Hit the F12 button, click the Network Tab.

Now click the Force immediate check button and you should see a bunch of URLs popup, click on the one that shows:

Code: Select all

ajaxhelper.php?cmd=submitcommands
Then right click on it, choose Copy > Copy URL and PM that info to me as well.

Re: Sometimes Force immediate check fails

Posted: Fri Sep 18, 2020 1:52 pm
by spcmidrange
Info Sent

Thank you for your help

Re: Sometimes Force immediate check fails

Posted: Mon Sep 21, 2020 2:03 pm
by ssax
All that looks proper.

I think you need to do this:

https://support.nagios.com/kb/article/n ... r-754.html

I'm labbing it up with postgresql to test but I'm pretty sure that's the resolution for this.

Re: Sometimes Force immediate check fails

Posted: Tue Sep 22, 2020 11:14 am
by spcmidrange
Well I dont see the same error when I force check this specific service, but i do see simlar error that the KBA talks about:

Code: Select all

ERROR:  syntax error at or near "stopped" at character 282
STATEMENT:  UPDATE xi_sysstat SET value='a:3:{s:10:"nagioscore";a:4:{s:6:"daemon";s:6:"nagios";s:6:"output";s:195:"           └─30957 /usr/local/nagios/libexec/check_nrpe -n -2 -H msg-dc2-exch-1.saskpower.sk.ca -p 5666 -t 30 -c check_service -a service=MSExchangeSubmission crit=state = \'stopped\' warn=none";s:11:"return_code";i:0;s:6:"status";i:0;}s:3:"pnp";a:4:{s:6:"daemon";s:4:"npcd";s:6:"output";s:89:"           └─4303 /usr/local/nagios/bin/npcd -d -f /usr/local/nagios/etc/pnp/npcd.cfg";s:11:"return_code";i:0;s:6:"status";i:0;}s:8:"ndoutils";a:4:{s:6:"daemon";s:6:"ndo2db";s:6:"output";s:90:"           └─21383 /usr/local/nagios/bin/ndo2db -c /usr/local/nagios/etc/ndo2db.cfg -f";s:11:"return_code";i:0;s:6:"status";i:0;}}', update_time=NOW() WHERE metric='daemons'
I will follow the KBA suggestion and plan a time to impliment.

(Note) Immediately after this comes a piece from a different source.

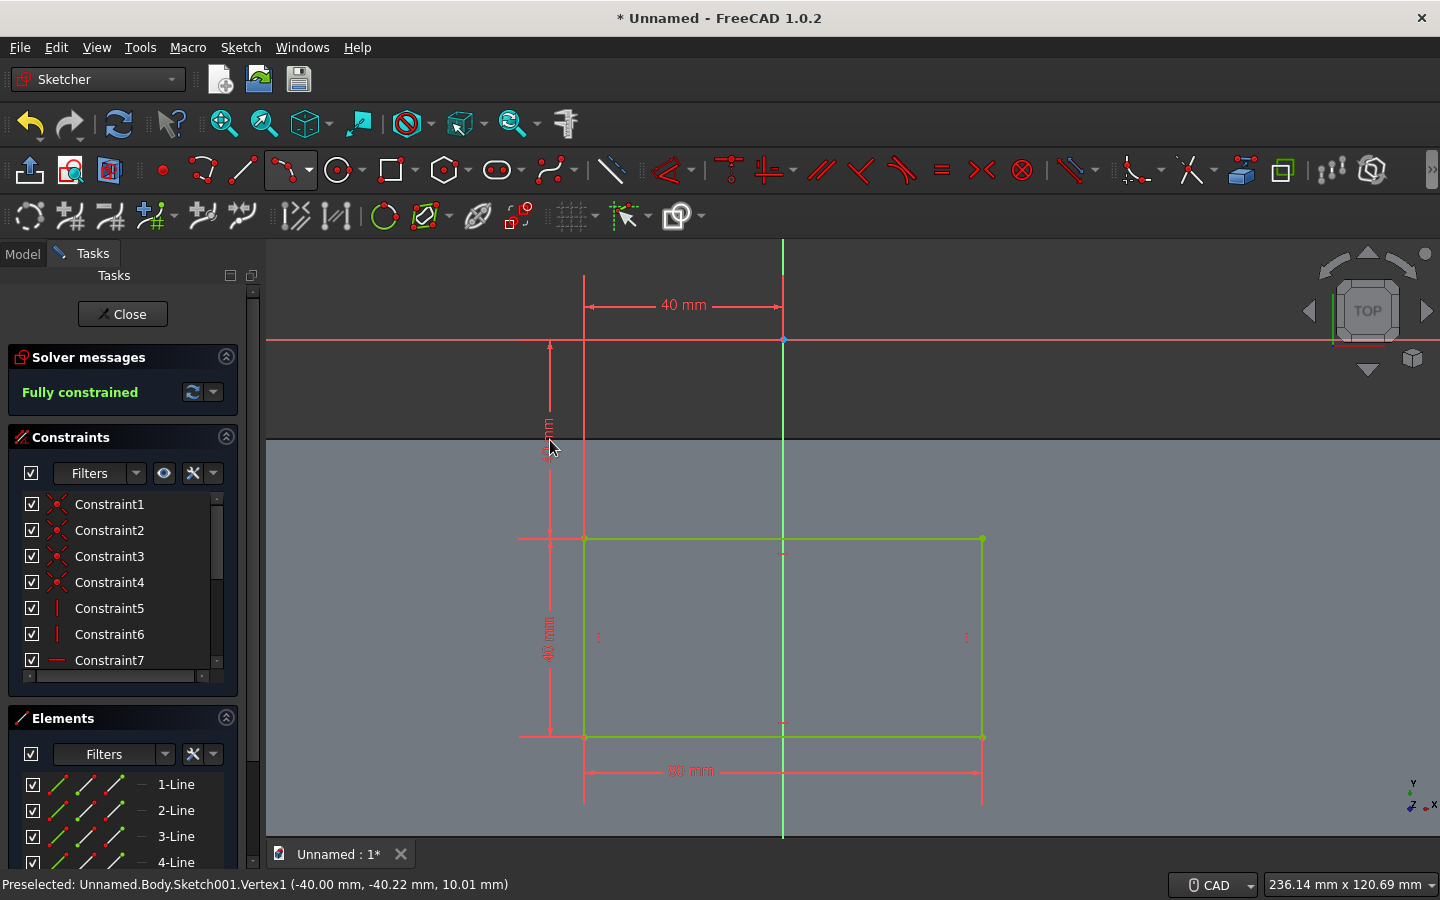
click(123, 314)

Am I going to have to do a full restart of all things Nagios, or just bounce pgsql?

Thank you!

Re: Sometimes Force immediate check fails

Posted: Wed Sep 23, 2020 4:27 pm
by ssax
I labbed it up and was able to replicate the issue with it putting the \ in there. It fixed it by doing what the guide says and editing this file:

Code: Select all

/var/lib/pgsql/data/postgresql.conf
Changing this:

Code: Select all

#standard_conforming_strings = on
To this:

Code: Select all

standard_conforming_strings = off
Then restart postgresql:

Code: Select all

service postgresql restart
If you see errors in the web interface (you likely will will postfix is restarted and the app is able to connect to the DB) try logging out and back in again or closing the browser and going back into it.